LEICESTER, United Kingdom — A vaccine for Alzheimer’s disease may sound farfetched at first, but British and German scientists suggest a vaccine for the most common form of dementia may one day be a reality. Researchers from Leicester University, the University Medical Center Göttingen, and the medical research charity LifeArc report a newly developed Alzheimer’s approach is showing serious promise – both as a concrete treatment for the disorder and as a means of producing an effective vaccine.
Both the antibody-based treatment and the protein-based vaccine created by the study’s authors successfully mitigated Alzheimer’s symptoms in a series of dementia mouse models.
The development and onset of Alzheimer’s has a strong connection to the buildup of amyloid beta protein plaques in the brain. However, scientists in this study chose to focus on a different soluble form of the protein they consider highly toxic.
“In clinical trials, none of the potential treatments which dissolve amyloid plaques in the brain have shown much success in terms of reducing Alzheimer’s symptoms. Some have even shown negative side effects. So, we decided on a different approach. We identified an antibody in mice that would neutralize the truncated forms of soluble amyloid beta, but would not bind either to normal forms of the protein or to the plaques,” says Thomas Bayer from the University Medical Center Göttingen in a media release.
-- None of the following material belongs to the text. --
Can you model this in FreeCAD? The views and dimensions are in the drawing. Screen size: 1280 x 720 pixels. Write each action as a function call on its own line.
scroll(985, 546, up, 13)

‘Humanized’ antibody provides big surprises
The research team then took special care to change this antibody so that the human immune system wouldn’t react to it as a foreign threat. After observing how and where this “humanized” antibody (TAP01_04) attached itself to the shortened form of amyloid beta, it became clear the amyloid beta protein folded back on itself — similar to a hairpin-shaped structure. This came as a big surprise to the scientists.
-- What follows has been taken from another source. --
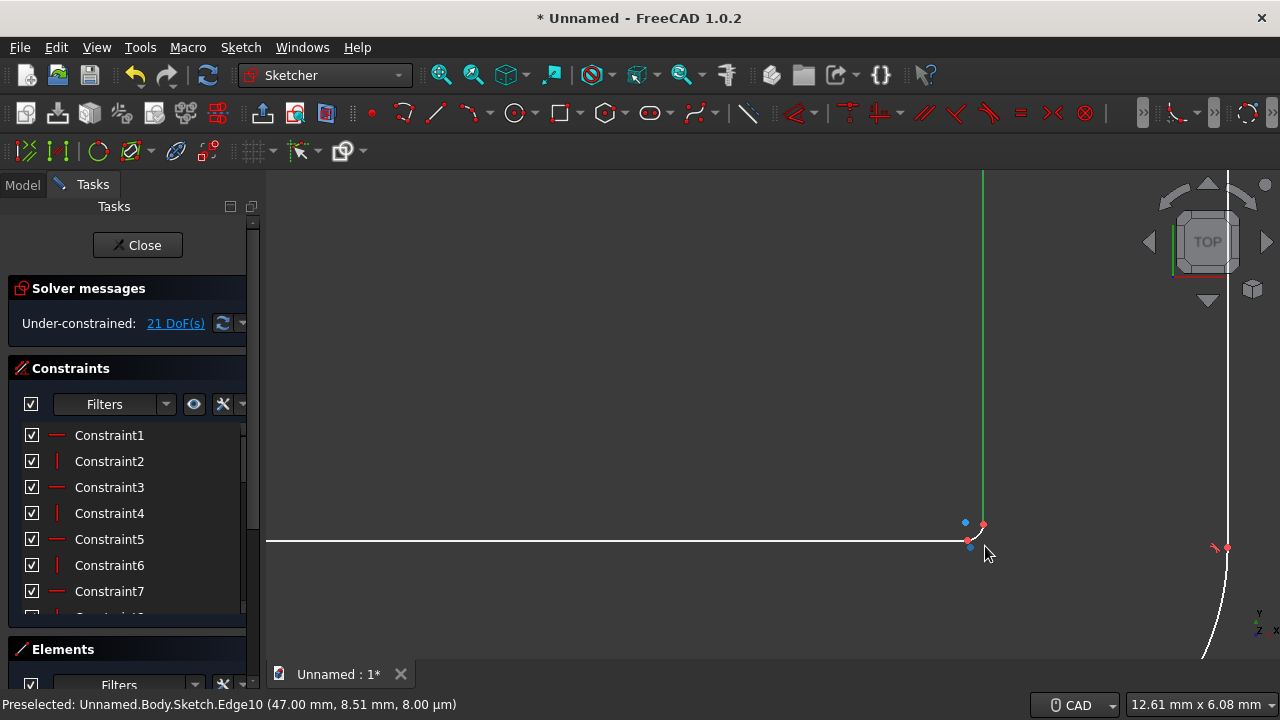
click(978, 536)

“This structure had never been seen before in amyloid beta. However, discovering such a definite structure allowed the team to engineer this region of the protein to stabilize the hairpin shape and bind to the antibody in the same way. Our idea was that this engineered form of amyloid beta could potentially be used as a vaccine, to trigger someone’s immune system to make TAP01_04 type antibodies,” explains Professor Mark Carr, from the Leicester Institute of Structural and Chemical Biology.
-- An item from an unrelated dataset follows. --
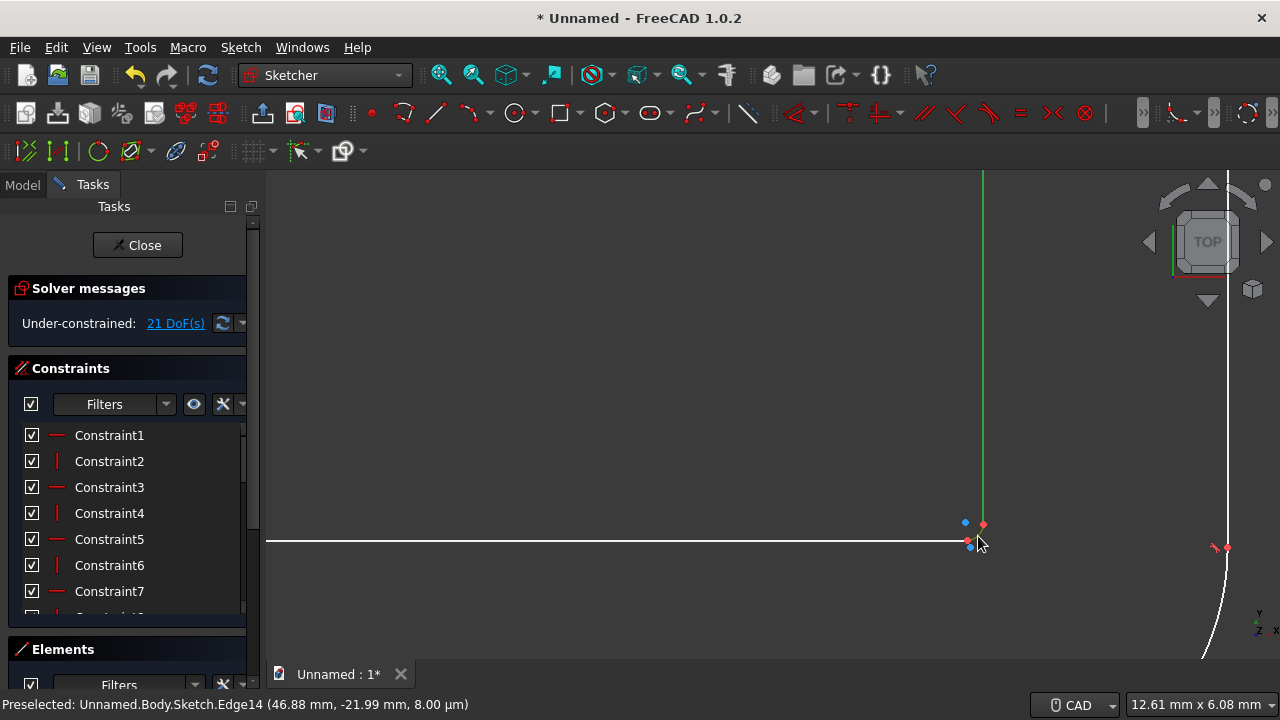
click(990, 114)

Next, researchers tested the specially developed amyloid beta protein on mice. Sure enough, rodents given this “vaccine” indeed began developing TAP01 type antibodies.
Vaccine reverses several Alzheimer’s symptoms
Study authors used both the “humanized” antibody and the developed amyloid beta vaccine (called TAPAS) on two different mouse models of Alzheimer’s disease. Similar imaging techniques to those used to diagnose dementia in humans revealed both the antibody and the vaccine helped to restore neuron function, increase glucose metabolism in the brain, and restore memory loss. Importantly, amyloid beta plaque formation declined as well, even though the vaccine didn’t actually target those proteins.
“The TAP01_04 humanized antibody and the TAPAS vaccine are very different to previous antibodies or vaccines for Alzheimer’s disease that have been tested in clinical trials, because they target a different form of the protein. This makes them really promising as a potential treatment for the disease either as a therapeutic antibody or a vaccine. The results so far are very exciting and testament to the scientific expertise of the team. If the treatment does prove successful, it could transform the lives of many patients,” adds Dr. Preeti Bakrania from LifeArc.
“While the science is currently still at an early stage, if these results were to be replicated in human clinical trials, then it could be transformative. It opens up the possibility to not only treat Alzheimer’s once symptoms are detected, but also to potentially vaccinate against the disease before symptoms appear,” Prof. Carr concludes.
Moving forward, study author are looking for a commercial partner to help initiate clinical trails for the therapeutic antibody and the vaccine.
The findings appear in the journal Molecular Psychiatry.